LISTED ENTRIES =>
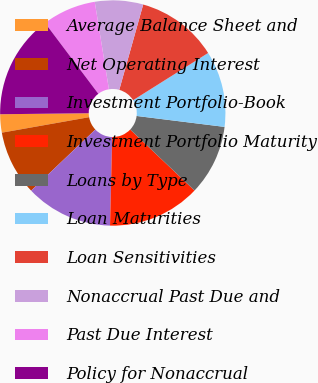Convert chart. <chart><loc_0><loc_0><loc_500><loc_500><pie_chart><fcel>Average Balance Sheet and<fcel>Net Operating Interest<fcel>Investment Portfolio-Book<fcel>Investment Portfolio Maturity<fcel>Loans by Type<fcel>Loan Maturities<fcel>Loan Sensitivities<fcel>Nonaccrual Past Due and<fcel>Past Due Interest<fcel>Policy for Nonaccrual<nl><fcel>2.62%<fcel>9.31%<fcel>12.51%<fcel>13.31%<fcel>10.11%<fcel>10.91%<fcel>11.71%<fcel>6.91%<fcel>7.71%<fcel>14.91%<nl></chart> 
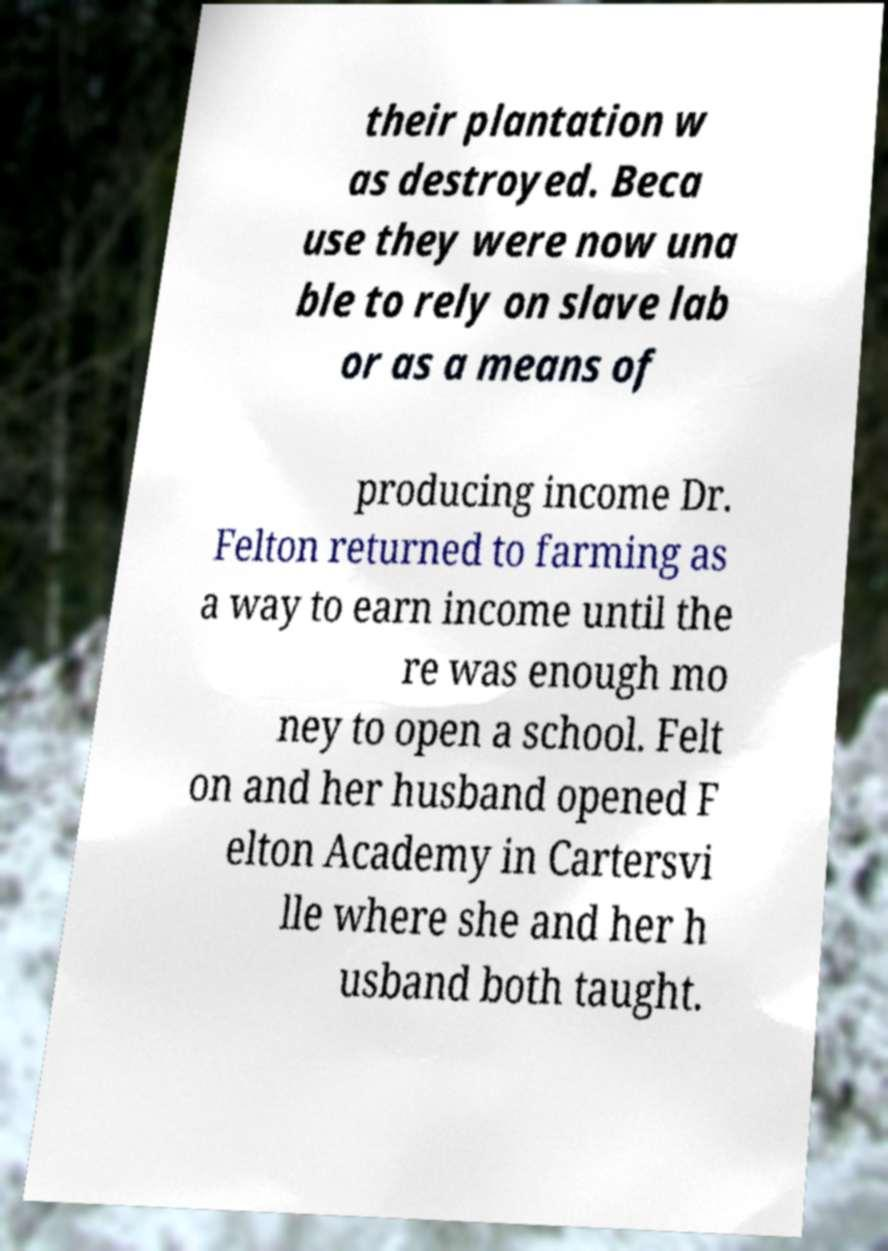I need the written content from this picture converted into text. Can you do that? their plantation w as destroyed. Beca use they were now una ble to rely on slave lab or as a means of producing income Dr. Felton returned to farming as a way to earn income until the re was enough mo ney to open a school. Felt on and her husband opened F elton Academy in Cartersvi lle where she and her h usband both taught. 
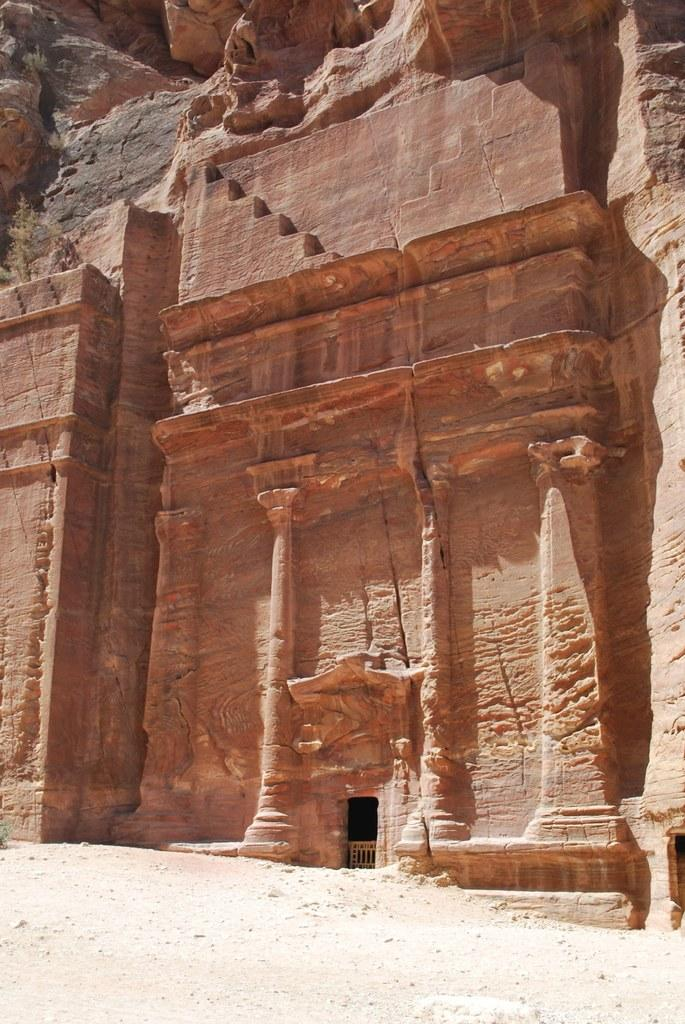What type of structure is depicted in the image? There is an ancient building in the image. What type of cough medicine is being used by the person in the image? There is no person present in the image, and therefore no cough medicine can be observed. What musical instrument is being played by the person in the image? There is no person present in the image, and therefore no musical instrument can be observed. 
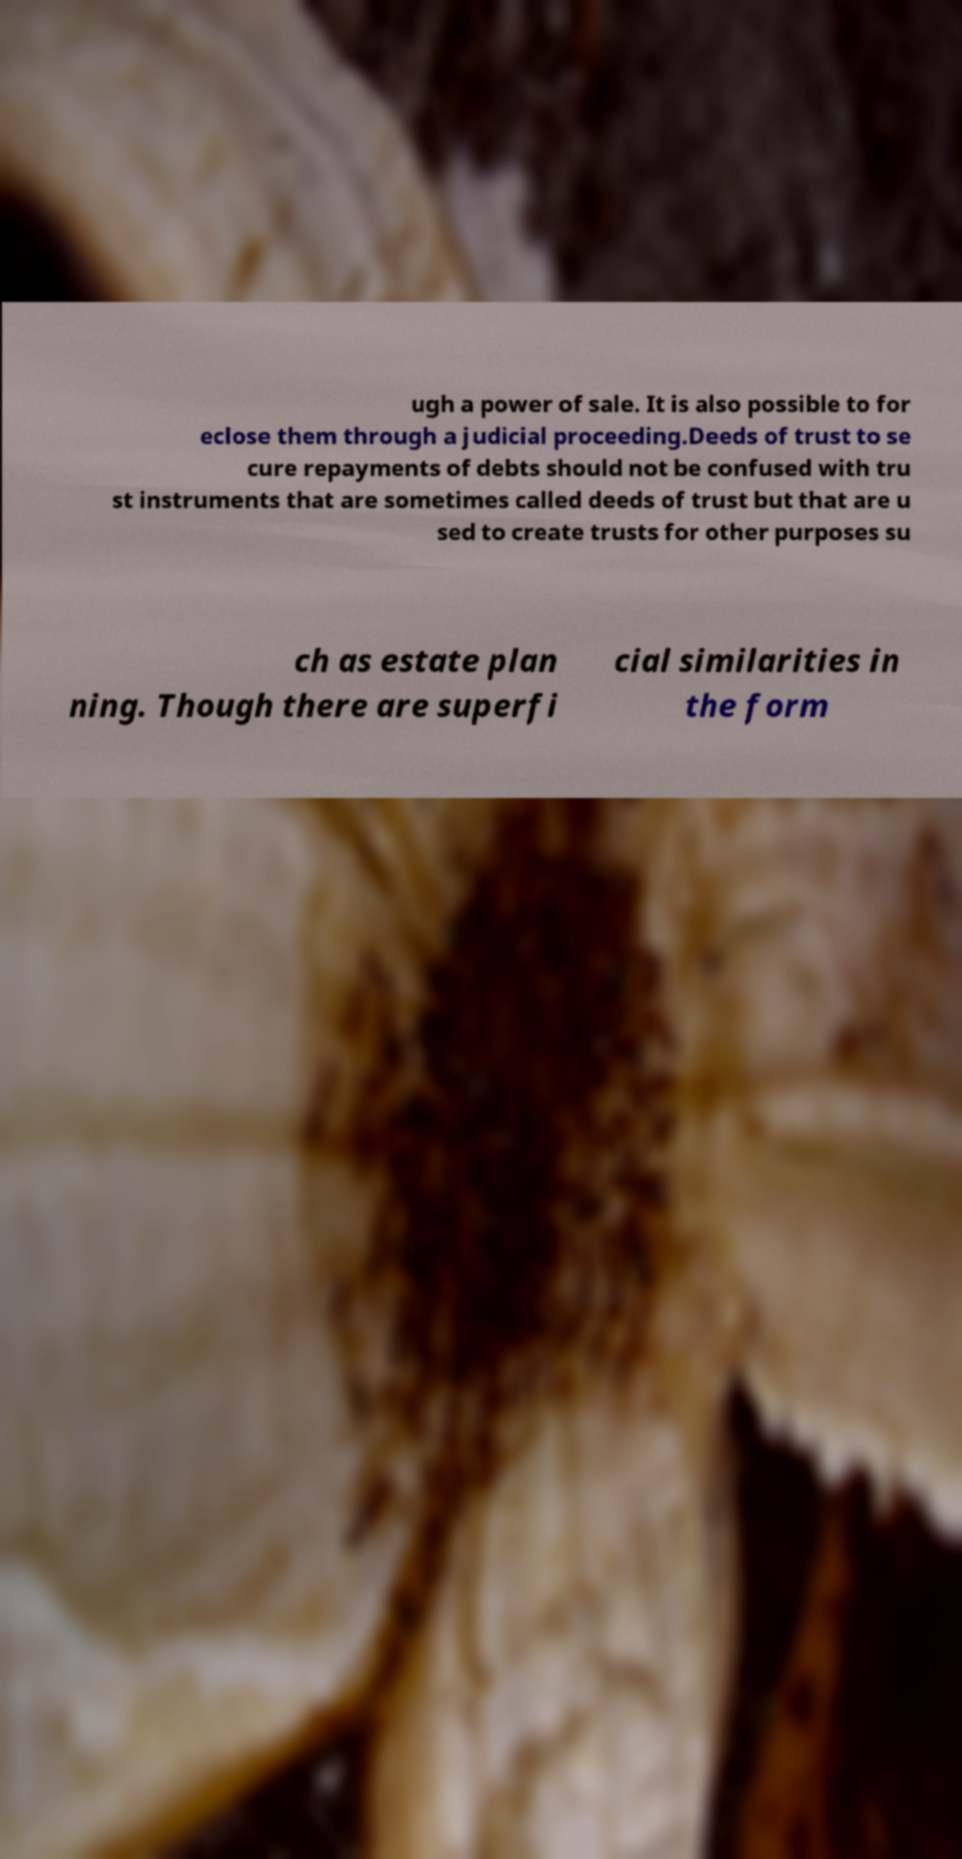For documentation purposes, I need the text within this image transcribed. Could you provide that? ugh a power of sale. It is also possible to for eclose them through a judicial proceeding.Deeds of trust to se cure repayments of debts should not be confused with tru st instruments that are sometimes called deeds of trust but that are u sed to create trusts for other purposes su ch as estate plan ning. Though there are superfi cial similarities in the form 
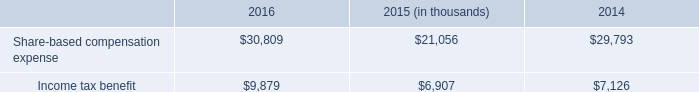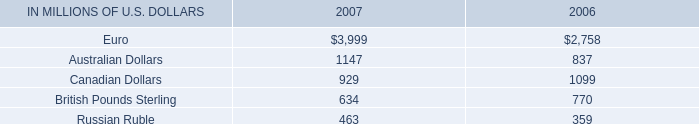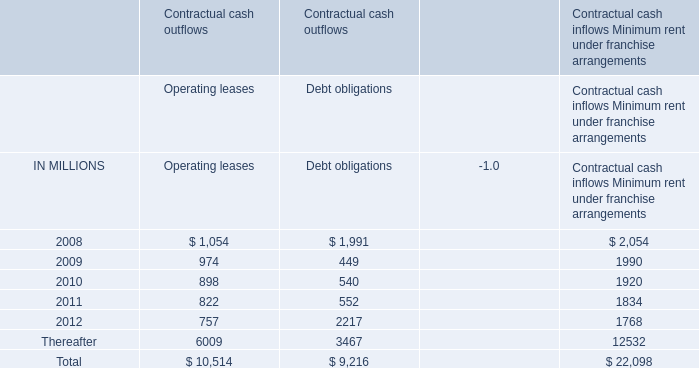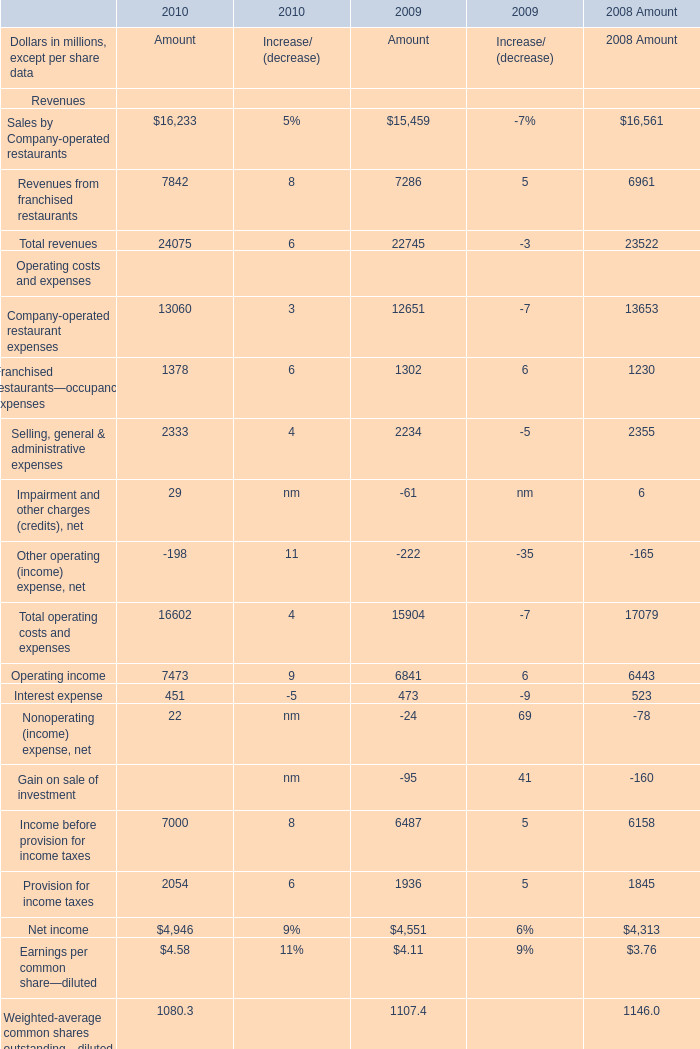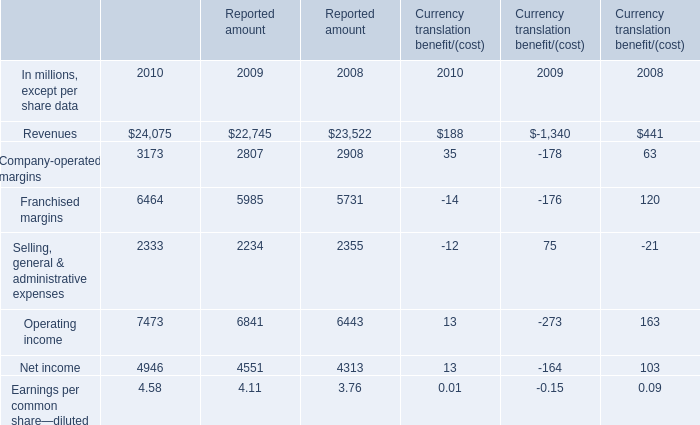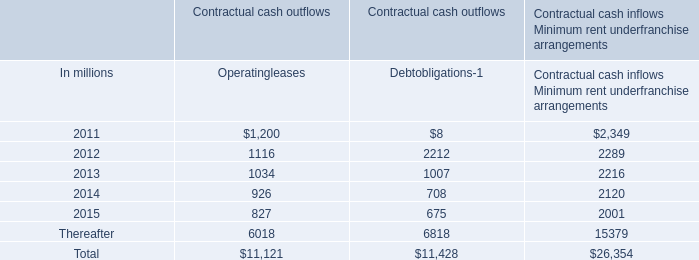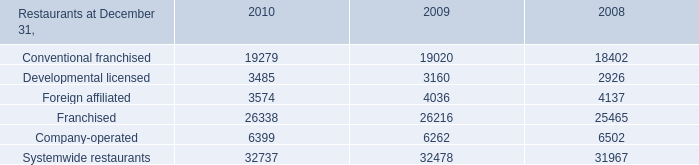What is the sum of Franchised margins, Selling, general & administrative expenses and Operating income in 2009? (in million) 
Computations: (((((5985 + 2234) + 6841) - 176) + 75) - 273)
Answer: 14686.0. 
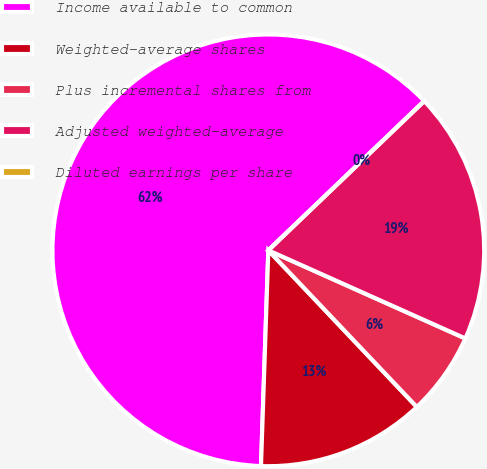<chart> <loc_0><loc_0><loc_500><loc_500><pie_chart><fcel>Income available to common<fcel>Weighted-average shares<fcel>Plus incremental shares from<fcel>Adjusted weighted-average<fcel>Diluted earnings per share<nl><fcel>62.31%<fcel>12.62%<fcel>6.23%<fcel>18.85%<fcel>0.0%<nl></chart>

THE PROBLEM => Print each entry precisely as written; the pictures stay out.

OUTPUT FOR THIS TASK =>
Convert chart. <chart><loc_0><loc_0><loc_500><loc_500><pie_chart><fcel>Average Balance Sheet and<fcel>Net Operating Interest<fcel>Investment Portfolio-Book<fcel>Investment Portfolio Maturity<fcel>Loans by Type<fcel>Loan Maturities<fcel>Loan Sensitivities<fcel>Nonaccrual Past Due and<fcel>Past Due Interest<fcel>Policy for Nonaccrual<nl><fcel>2.62%<fcel>9.31%<fcel>12.51%<fcel>13.31%<fcel>10.11%<fcel>10.91%<fcel>11.71%<fcel>6.91%<fcel>7.71%<fcel>14.91%<nl></chart> 
I need the written content from this picture converted into text. Can you do that? their plantation w as destroyed. Beca use they were now una ble to rely on slave lab or as a means of producing income Dr. Felton returned to farming as a way to earn income until the re was enough mo ney to open a school. Felt on and her husband opened F elton Academy in Cartersvi lle where she and her h usband both taught. 
What type of structure is depicted in the image? There is an ancient building in the image. What type of cough medicine is being used by the person in the image? There is no person present in the image, and therefore no cough medicine can be observed. What musical instrument is being played by the person in the image? There is no person present in the image, and therefore no musical instrument can be observed. 
For documentation purposes, I need the text within this image transcribed. Could you provide that? ugh a power of sale. It is also possible to for eclose them through a judicial proceeding.Deeds of trust to se cure repayments of debts should not be confused with tru st instruments that are sometimes called deeds of trust but that are u sed to create trusts for other purposes su ch as estate plan ning. Though there are superfi cial similarities in the form 
What is the sum of Franchised margins, Selling, general & administrative expenses and Operating income in 2009? (in million) 
Computations: (((((5985 + 2234) + 6841) - 176) + 75) - 273)
Answer: 14686.0. 
<chart> <loc_0><loc_0><loc_500><loc_500><pie_chart><fcel>Income available to common<fcel>Weighted-average shares<fcel>Plus incremental shares from<fcel>Adjusted weighted-average<fcel>Diluted earnings per share<nl><fcel>62.31%<fcel>12.62%<fcel>6.23%<fcel>18.85%<fcel>0.0%<nl></chart>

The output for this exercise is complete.